For each predicate a specific comparison operation is applied in an elementwise manner for elements of vectors `vec1`

and `vec2`

.

### Mask arithmetics

Masks can be also operated bit there are slightly different operations than for arithmetic vectors. This is due to the fact, that for portability reasons. It is not possible to mix arithmetic vectors, and masks, except for few special situations. Code below shows most of the operations allowed on masks, and their interaction with arithmetic types:

// Some vertical operations: UME::SIMD::SIMDVecMask<8> m0, m1, m2; .... m0 = m1.land(m2); m0 = m1 && m2; // the same as above m0 = m1.lor(m2); m0 = m1 || m2; // the same as above m0 = m1.lxor(m2); m0 = m1 ^ m2; // the same as above m0 = m1.landnot(m2); // equivalent to: !m1 && m2 // Also some horizontal (reduction) operations bool b0; ... b0 = m1.hland() // m1[0] && m1[1] && ... && m1[7] b0 = m1.hlor() // m1[0] || m1[1] && ... && m1[7]

### Using masks

Once the mask is calculated, it can be passed as an optional parameter to most of the arithmetic operations:

UME::SIMD::SIMDVec<float, 4> vec0, vec1, vec2, vec3; UME::SIMD::SIMDVecMask<4> m0; ... m0 = vec0 > vec1; // Add only pairs where m0 is true vec2 = vec0.add(m0, vec1); // Similar expressed using operator syntax vec2[m0] = vec0 + vec1 // 'Blend' two vectors using masking. // 'vec2[i]' becomes 'vec1[i]' where 'mask[i]' // is true, and 'vec0[i]' where false. vec2 = vec0.blend(mask, vec1);

Now let’s look at specific examples we discussed before. **Scenario 1** would look like this in SIMD arithmetic:

UME::SIMD::SIMDVec<int,2> x(0, 10); UME::SIMD::SIMDVec<int,2> a(2, 5); UME::SIMD::SIMDVec<int,2> b(3, -3); UME::SIMD::SIMDVec<int,2> c; UME::SIMD::SIMDVec<int,2> t0, t1; UME::SIMD::SIMDVecMask<2> m0; ... m0 = x!=0; // (false, true) t0 = a+b; // (5, 2) t1 = a-b; // (-1, 8) c = t1.blend(m0, t0); // (-1, 2) // Or briefly: c=(a-b).blend(x!=0, a+b); // (-1, 2)
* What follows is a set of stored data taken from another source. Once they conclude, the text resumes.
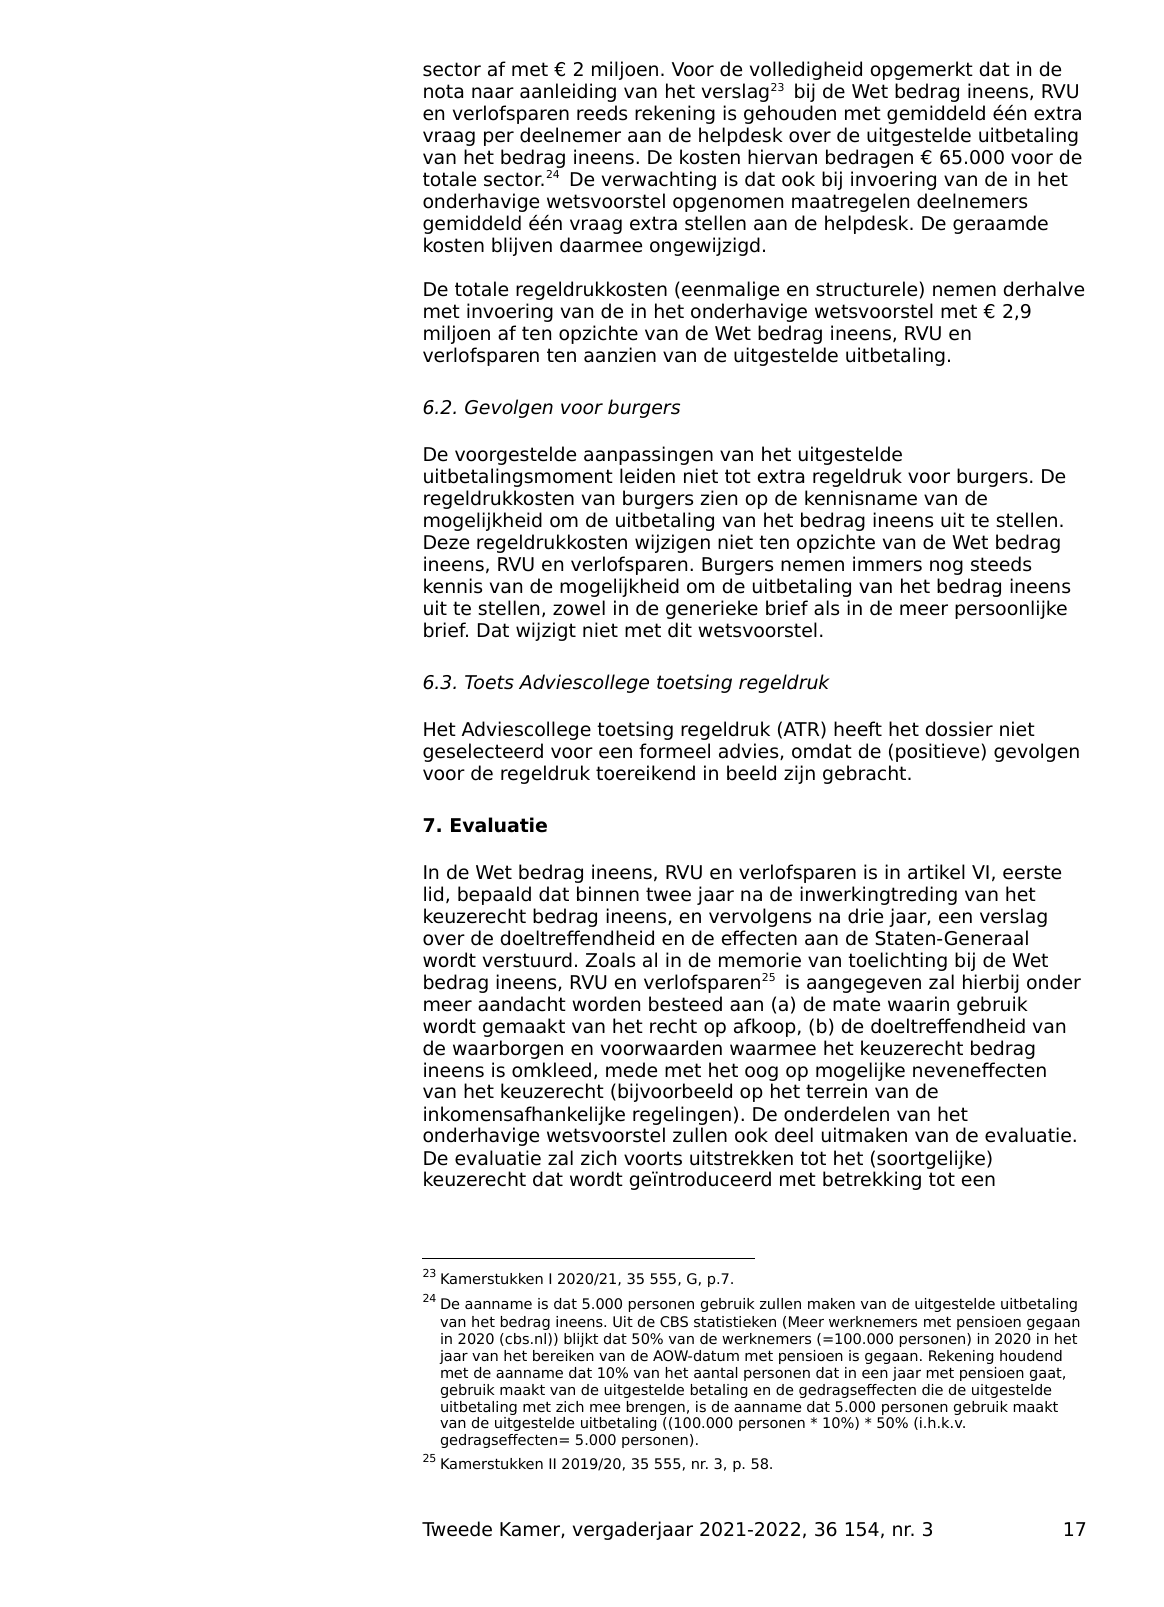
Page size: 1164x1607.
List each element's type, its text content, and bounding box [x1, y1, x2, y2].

text sector af met € 2 miljoen. Voor de volledigheid opgemerkt dat in de nota naar aanleiding van het verslag bij de Wet bedrag ineens, RVU en verlofsparen reeds rekening is gehouden met gemiddeld één extra vraag per deelnemer aan de helpdesk over de uitgestelde uitbetaling van het bedrag ineens. De kosten hiervan bedragen € 65.000 voor de totale sector. De verwachting is dat ook bij invoering van de in het onderhavige wetsvoorstel opgenomen maatregelen deelnemers gemiddeld één vraag extra stellen aan de helpdesk. De geraamde kosten blijven daarmee ongewijzigd. [422, 59, 1087, 257]
text In de Wet bedrag ineens, RVU en verlofsparen is in artikel VI, eerste lid, bepaald dat binnen twee jaar na de inwerkingtreding van het keuzerecht bedrag ineens, en vervolgens na drie jaar, een verslag over de doeltreffendheid en de effecten aan de Staten-Generaal wordt verstuurd. Zoals al in de memorie van toelichting bij de Wet bedrag ineens, RVU en verlofsparen is aangegeven zal hierbij onder meer aandacht worden besteed aan (a) de mate waarin gebruik wordt gemaakt van het recht op afkoop, (b) de doeltreffendheid van de waarborgen en voorwaarden waarmee het keuzerecht bedrag ineens is omkleed, mede met het oog op mogelijke neveneffecten van het keuzerecht (bijvoorbeeld op het terrein van de inkomensafhankelijke regelingen). De onderdelen van het onderhavige wetsvoorstel zullen ook deel uitmaken van de evaluatie. De evaluatie zal zich voorts uitstrekken tot het (soortgelijke) keuzerecht dat wordt geïntroduceerd met betrekking tot een [422, 862, 1087, 1191]
text Kamerstukken I 2020/21, 35 555, G, p.7. [422, 1267, 1087, 1289]
subtitle 7. Evaluatie [422, 815, 1087, 837]
text Kamerstukken II 2019/20, 35 555, nr. 3, p. 58. [422, 1452, 1087, 1474]
subtitle 6.3. Toets Adviescollege toetsing regeldruk [422, 672, 1087, 694]
text De aanname is dat 5.000 personen gebruik zullen maken van de uitgestelde uitbetaling van het bedrag ineens. Uit de CBS statistieken (Meer werknemers met pensioen gegaan in 2020 (cbs.nl)) blijkt dat 50% van de werknemers (=100.000 personen) in 2020 in het jaar van het bereiken van de AOW-datum met pensioen is gegaan. Rekening houdend met de aanname dat 10% van het aantal personen dat in een jaar met pensioen gaat, gebruik maakt van de uitgestelde betaling en de gedragseffecten die de uitgestelde uitbetaling met zich mee brengen, is de aanname dat 5.000 personen gebruik maakt van de uitgestelde uitbetaling ((100.000 personen * 10%) * 50% (i.h.k.v. gedragseffecten= 5.000 personen). [422, 1292, 1087, 1449]
text Het Adviescollege toetsing regeldruk (ATR) heeft het dossier niet geselecteerd voor een formeel advies, omdat de (positieve) gevolgen voor de regeldruk toereikend in beeld zijn gebracht. [422, 719, 1087, 785]
text De totale regeldrukkosten (eenmalige en structurele) nemen derhalve met invoering van de in het onderhavige wetsvoorstel met € 2,9 miljoen af ten opzichte van de Wet bedrag ineens, RVU en verlofsparen ten aanzien van de uitgestelde uitbetaling. [422, 279, 1087, 367]
text De voorgestelde aanpassingen van het uitgestelde uitbetalingsmoment leiden niet tot extra regeldruk voor burgers. De regeldrukkosten van burgers zien op de kennisname van de mogelijkheid om de uitbetaling van het bedrag ineens uit te stellen. Deze regeldrukkosten wijzigen niet ten opzichte van de Wet bedrag ineens, RVU en verlofsparen. Burgers nemen immers nog steeds kennis van de mogelijkheid om de uitbetaling van het bedrag ineens uit te stellen, zowel in de generieke brief als in de meer persoonlijke brief. Dat wijzigt niet met dit wetsvoorstel. [422, 444, 1087, 642]
subtitle 6.2. Gevolgen voor burgers [422, 397, 1087, 419]

**PERFORAMNCE PITFALL**: when executing scalar code, only one branch of code gets executed for every element of a vector. The decision about which branch to execute is made on a per-iteration basis. This allows the microprocessor to completely skip certain parts of the code.
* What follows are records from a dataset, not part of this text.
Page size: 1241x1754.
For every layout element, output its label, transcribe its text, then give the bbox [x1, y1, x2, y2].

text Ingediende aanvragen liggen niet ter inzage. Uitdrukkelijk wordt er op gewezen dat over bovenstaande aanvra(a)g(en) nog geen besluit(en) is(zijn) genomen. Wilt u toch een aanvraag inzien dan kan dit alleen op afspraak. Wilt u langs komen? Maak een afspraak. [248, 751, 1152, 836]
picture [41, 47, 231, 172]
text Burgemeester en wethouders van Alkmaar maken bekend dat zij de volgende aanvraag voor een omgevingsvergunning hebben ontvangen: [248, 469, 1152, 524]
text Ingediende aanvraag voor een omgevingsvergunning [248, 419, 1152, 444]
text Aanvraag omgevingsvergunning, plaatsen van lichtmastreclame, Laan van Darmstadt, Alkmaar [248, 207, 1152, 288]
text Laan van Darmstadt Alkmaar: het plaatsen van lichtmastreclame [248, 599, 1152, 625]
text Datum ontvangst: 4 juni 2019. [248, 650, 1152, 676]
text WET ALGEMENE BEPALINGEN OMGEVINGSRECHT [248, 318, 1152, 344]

In SIMD world, an arithmetic operation happens atomicaly for all elements of the vector, and it is not possible to ‘skip’ the execution. As a result we have to execute both `if`

and ‘else’ statements in every iteration. For long ‘if-else’ blocks this might mean executing large number of additional operations (as compared to scalar code), and therefore might decrease the expected vectorization gains.

The second example is the execution of the variant with ‘if all true’. Mind that in this case, we might still use the same ‘if-else’ statement:

UME::SIMD::SIMDVec<int,2> x; UME::SIMD::SIMDVec<int,2> a(2, 5); UME::SIMD::SIMDVec<int,2> b(3, -3); UME::SIMD::SIMDVec<int,2> c; ... // The original code was using following formula: // bool predicate = (x[0] != 0) && (x[1] != 0) // We first declare the mask, and perform a proper // comparison for values of 'x': UME::SIMD::SIMDVecMask<4> m0 = x.cmpneq(0); // Now we have to perform a 'Horizontal Logical AND' // (reduction) operation: bool predicate = m0.hland(); // At this moment we already know that // we have to execute either 'if' or 'else' block // for all elements of a vector. if(predicate) { c = a + b; } else { c = a - b; }

The same format can be used for **Scenario #3** but using ‘Horizontal Logical OR’ operation. In general case it is up to you, to decide which construct is more usefull in a given situation.

**PERFORMANCE PITFALL** Using reduction operations is expensive on it’s own, so it should be avoided. While we might be able to decrease the number of instructions executed in scenarios #2 and #3, the cost of reduction together with the cost of handling ‘if-else’ statement might be actually higher than execution of equivalent scalar code.

## Summary

This tutorial discussed basic usage of *masks*. While *control-flow* still remains an important part of UME::SIMD based programs, the SIMD programming model requires also *data flow* to open performance opportunities to user programs.

Masks can be treated as vectors of boolean values, and obtained either by explicit initialization or by calling a specific comparison operation engaging arithmetic vectors. Then they can be used to block the flow of data within a UME::SIMD program.